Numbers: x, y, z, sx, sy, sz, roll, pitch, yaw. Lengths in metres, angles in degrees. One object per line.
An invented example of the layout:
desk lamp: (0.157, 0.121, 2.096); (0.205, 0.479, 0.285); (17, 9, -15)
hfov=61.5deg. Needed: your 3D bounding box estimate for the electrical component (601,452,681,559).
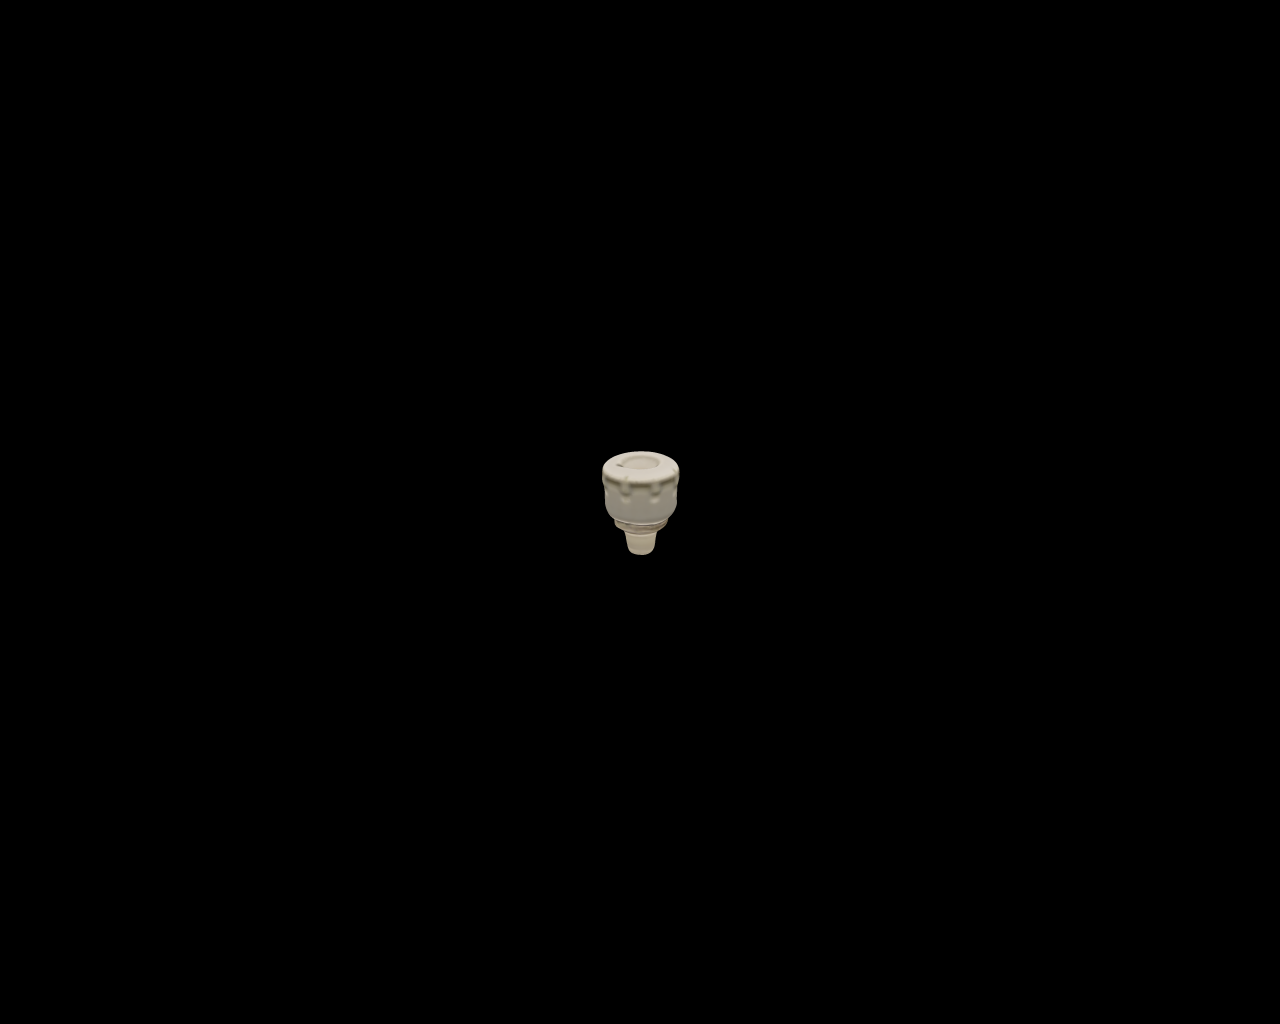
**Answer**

-------

In the listing above, transcribe exactly the lines from the line containing "hfov=61.5deg. Needed: your" through the last one, both included, but not the pictures.

hfov=61.5deg. Needed: your 3D bounding box estimate for the electrical component (601,452,681,559).
**Answer**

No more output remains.